Lawyers representing Dominion Voting Systems addressed a scathing letter on Wednesday night to former Trump election steal lawyer Sidney Powell, demanding that she publicly retract a series of false statements that the election technology supplier has said she wittingly made about its voting machines.
The baseless claims have been weaponized in conspiracy theories pushed by President Donald Trump and his allies about voter fraud and have invited threats of violence on Dominion employees.
Dominion lawyers Thomas Clare and Megan Meier rebuked Powell in the letter for waging a campaign of “reckless disinformation” about Dominion’s machines and touting QAnon-related conspiracies about the machines at news conferences, pro-Trump rallies and on Trump-friendly conservative news networks.

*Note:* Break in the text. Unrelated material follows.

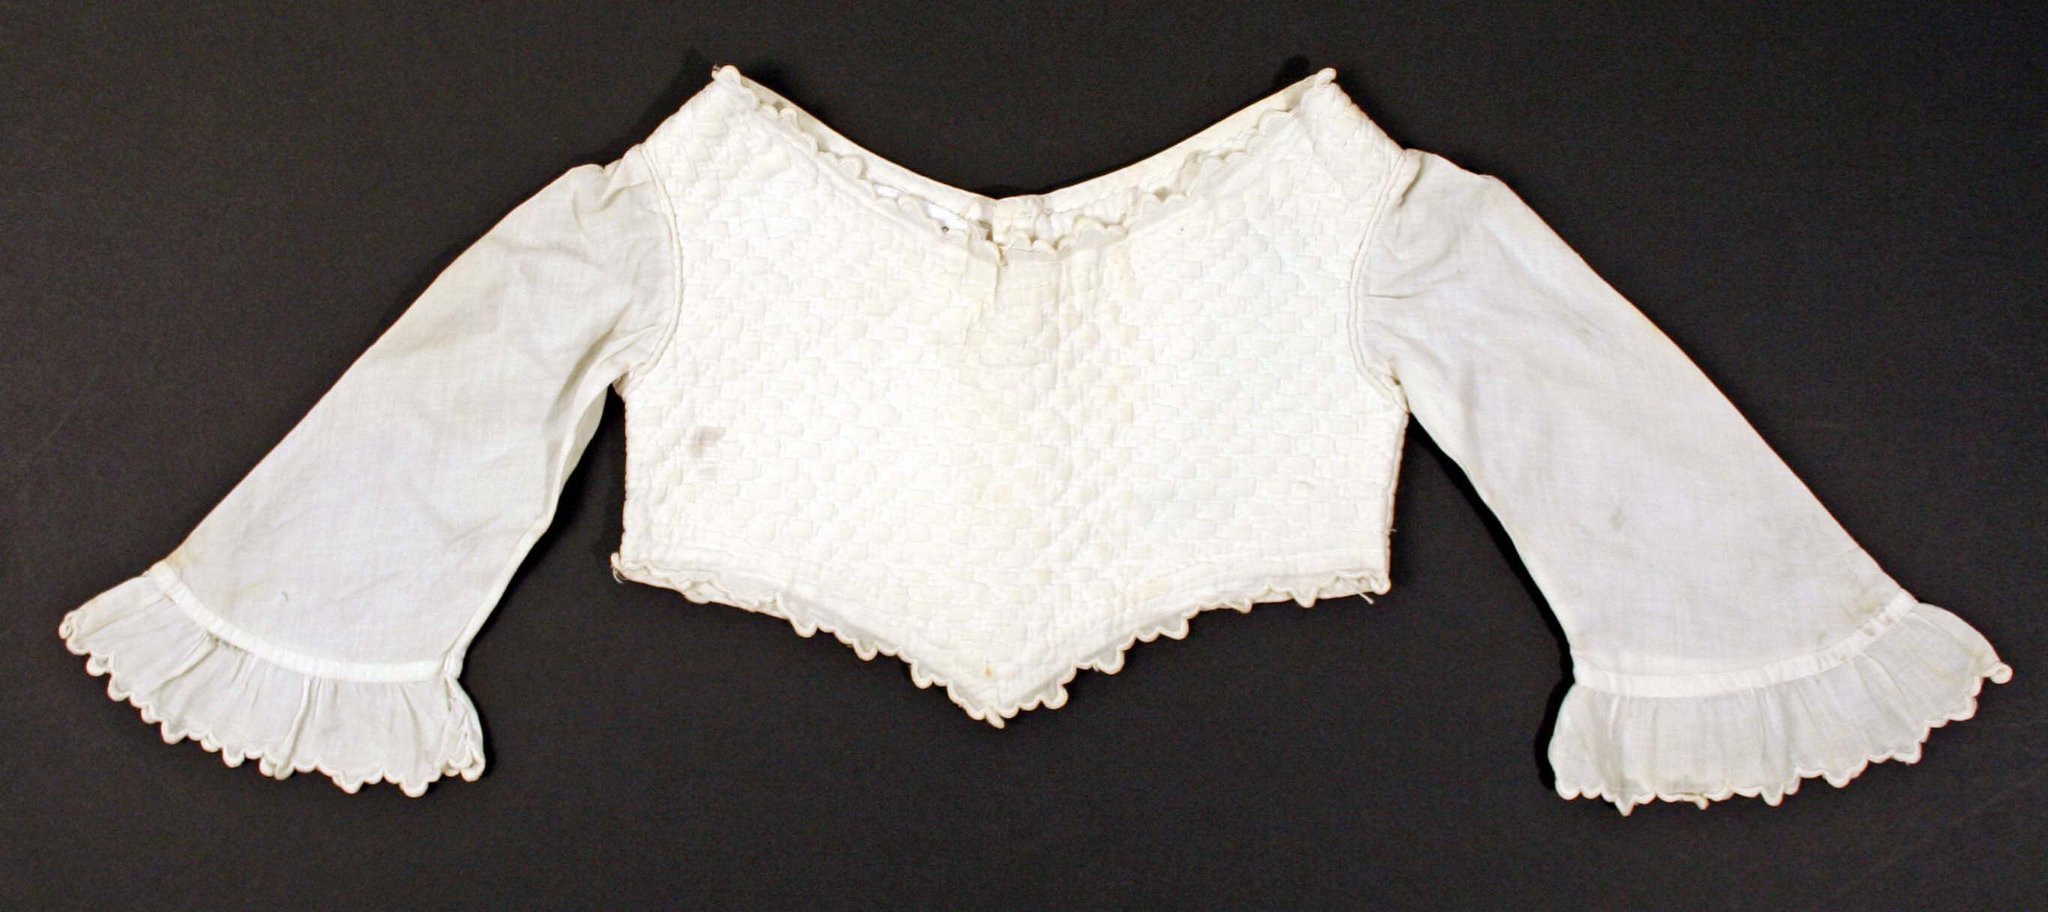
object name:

Powell has also filed unsuccessful federal lawsuits seeking to overturn election results in four key swing states, Dominion’s lawyers said, making “wild, knowingly baseless and false accusations” that have “endangered Dominion’s business and the lives of its employees.”
Dominion has been a scapegoat for declarations “predicated on lies” by the President and his allies that the company’s machines switched votes from Trump to President-elect Joe Biden, the lawyers said.
“Although the indisputable facts all point to the conclusion that this was a free and fair election, you launched a media circus and fundraising campaign that undermined confidence in American democracy and peddled false, inherently improbably, and defamatory claims about Dominion participating in an international conspiracy to rig the election,” Clare and Meier wrote.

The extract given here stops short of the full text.